PROBLEM: Find the line below with "Subtract all blocks." and the line with "yes or no. No.". Output them and the lines between, exactly, but not the pictures.

══════════════════════════════

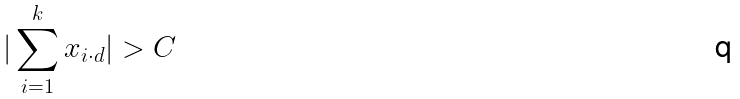Convert formula to latex. <formula><loc_0><loc_0><loc_500><loc_500>| \sum _ { i = 1 } ^ { k } x _ { i \cdot d } | > C</formula> 
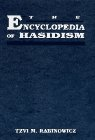What is the title of this book? The book is titled 'The Encyclopedia of Hasidism.' It is an in-depth resource covering various aspects of Hasidic Judaism, including its history, culture, and religious practices. 
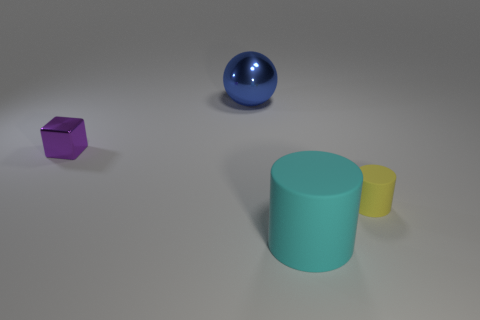Subtract all blocks. How many objects are left? 3 Add 3 small rubber cylinders. How many objects exist? 7 Subtract all big matte balls. Subtract all small purple blocks. How many objects are left? 3 Add 4 yellow cylinders. How many yellow cylinders are left? 5 Add 4 cyan metal things. How many cyan metal things exist? 4 Subtract all cyan cylinders. How many cylinders are left? 1 Subtract 0 cyan blocks. How many objects are left? 4 Subtract all brown balls. Subtract all red cubes. How many balls are left? 1 Subtract all blue cylinders. How many yellow spheres are left? 0 
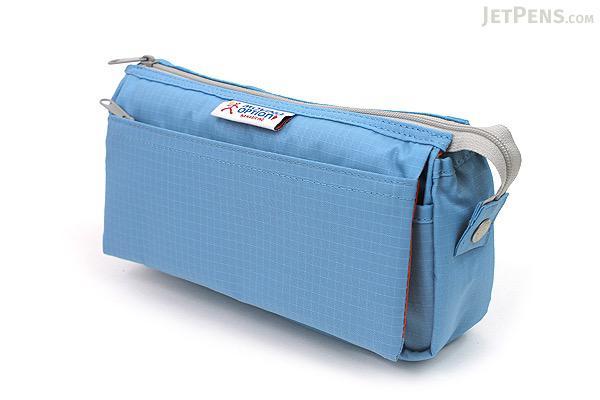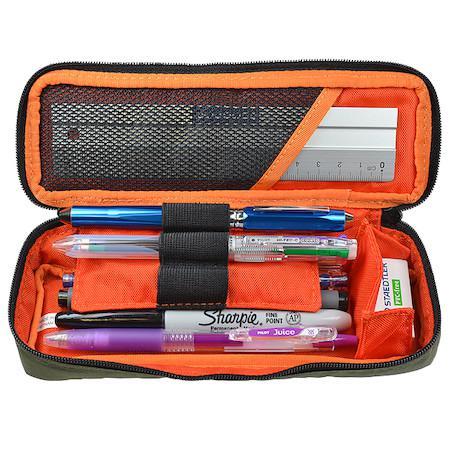The first image is the image on the left, the second image is the image on the right. Assess this claim about the two images: "An image shows just one pencil case, and it is solid sky blue in color.". Correct or not? Answer yes or no. Yes. The first image is the image on the left, the second image is the image on the right. For the images displayed, is the sentence "There is a single oblong, black rectangular case with no visible logo on it." factually correct? Answer yes or no. No. 
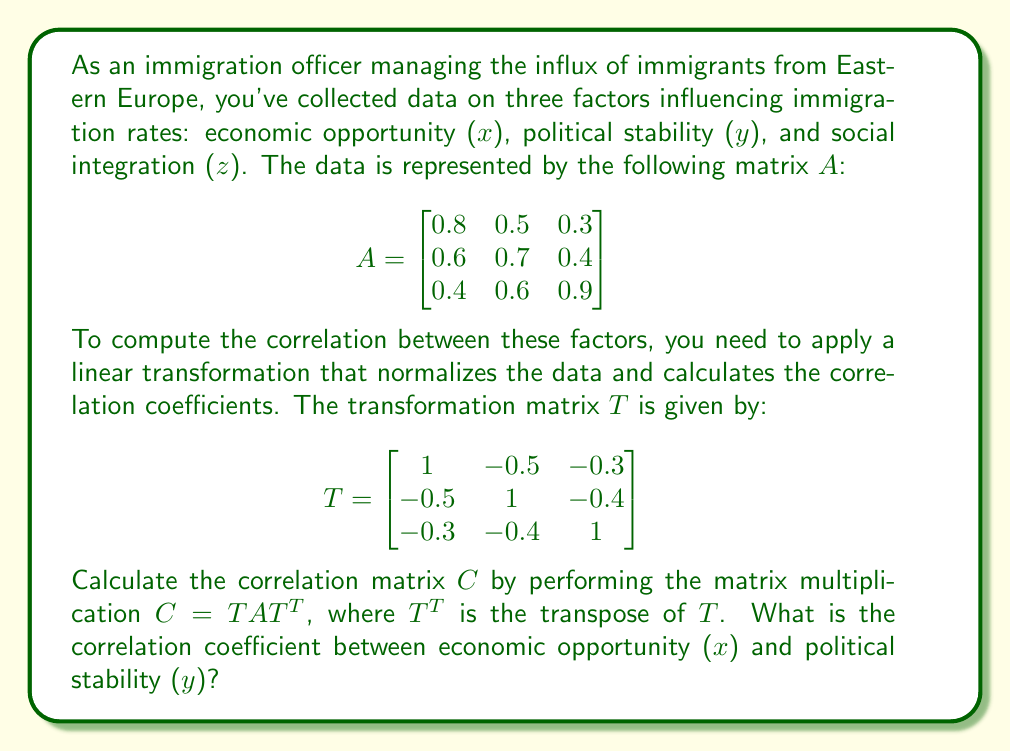Could you help me with this problem? To solve this problem, we'll follow these steps:

1. First, we need to calculate T^T (transpose of T):
   $$T^T = \begin{bmatrix}
   1 & -0.5 & -0.3 \\
   -0.5 & 1 & -0.4 \\
   -0.3 & -0.4 & 1
   \end{bmatrix}$$

2. Now, we'll perform the matrix multiplication C = TAT^T:
   
   a) Calculate TA:
   $$TA = \begin{bmatrix}
   1 & -0.5 & -0.3 \\
   -0.5 & 1 & -0.4 \\
   -0.3 & -0.4 & 1
   \end{bmatrix} \times 
   \begin{bmatrix}
   0.8 & 0.5 & 0.3 \\
   0.6 & 0.7 & 0.4 \\
   0.4 & 0.6 & 0.9
   \end{bmatrix}$$

   $$TA = \begin{bmatrix}
   0.53 & 0.22 & -0.12 \\
   0.13 & 0.47 & 0.07 \\
   -0.13 & 0.07 & 0.77
   \end{bmatrix}$$

   b) Calculate (TA)T^T:
   $$C = (TA)T^T = \begin{bmatrix}
   0.53 & 0.22 & -0.12 \\
   0.13 & 0.47 & 0.07 \\
   -0.13 & 0.07 & 0.77
   \end{bmatrix} \times
   \begin{bmatrix}
   1 & -0.5 & -0.3 \\
   -0.5 & 1 & -0.4 \\
   -0.3 & -0.4 & 1
   \end{bmatrix}$$

   $$C = \begin{bmatrix}
   1 & -0.3 & -0.2 \\
   -0.3 & 1 & -0.1 \\
   -0.2 & -0.1 & 1
   \end{bmatrix}$$

3. The resulting matrix C is the correlation matrix. The correlation coefficient between economic opportunity (x) and political stability (y) is the value in the first row, second column (or second row, first column) of matrix C.

Thus, the correlation coefficient between economic opportunity (x) and political stability (y) is -0.3.
Answer: -0.3 
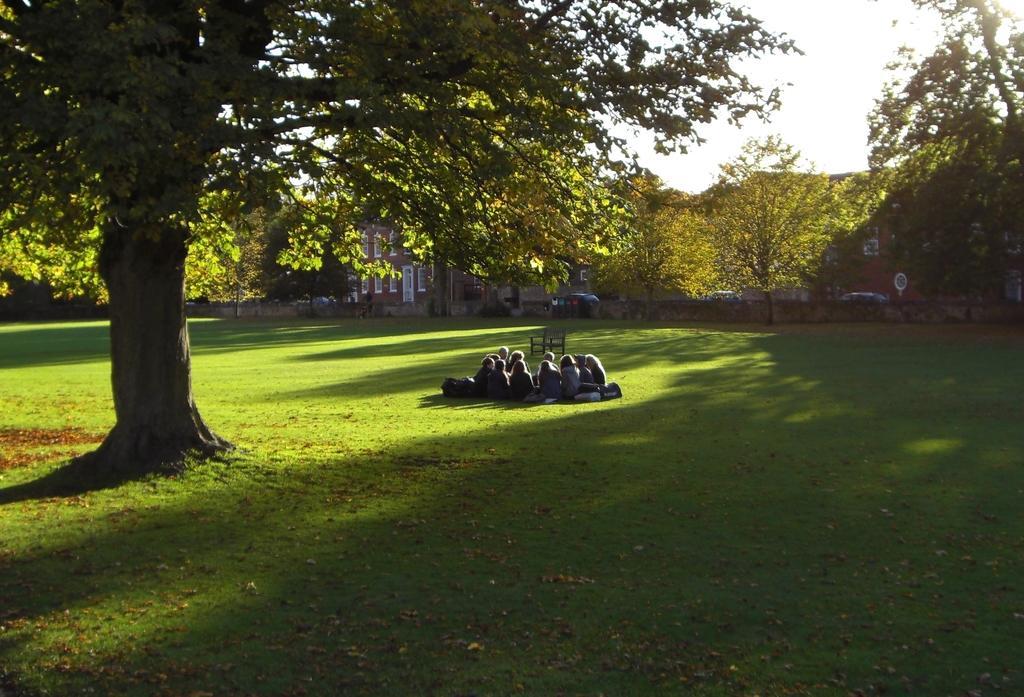Please provide a concise description of this image. In this picture there are group of people sitting on the grass and there is a chair on the grass. At the back there are vehicles, buildings and trees. At the top there is sky. At the bottom there is grass.

══════════════════════════════

RESULT OF THIS TASK:
Subtract all blocks. How many objects are left? 3 Add 3 small rubber cylinders. How many objects exist? 7 Subtract all big matte balls. Subtract all small purple blocks. How many objects are left? 3 Add 4 yellow cylinders. How many yellow cylinders are left? 5 Add 4 cyan metal things. How many cyan metal things exist? 4 Subtract all cyan cylinders. How many cylinders are left? 1 Subtract 0 cyan blocks. How many objects are left? 4 Subtract all brown balls. Subtract all red cubes. How many balls are left? 1 Subtract all blue cylinders. How many yellow spheres are left? 0 
The first image is the image on the left, the second image is the image on the right. Assess this claim about the two images: "An image shows just one pencil case, and it is solid sky blue in color.". Correct or not? Answer yes or no. Yes. The first image is the image on the left, the second image is the image on the right. For the images displayed, is the sentence "There is a single oblong, black rectangular case with no visible logo on it." factually correct? Answer yes or no. No. 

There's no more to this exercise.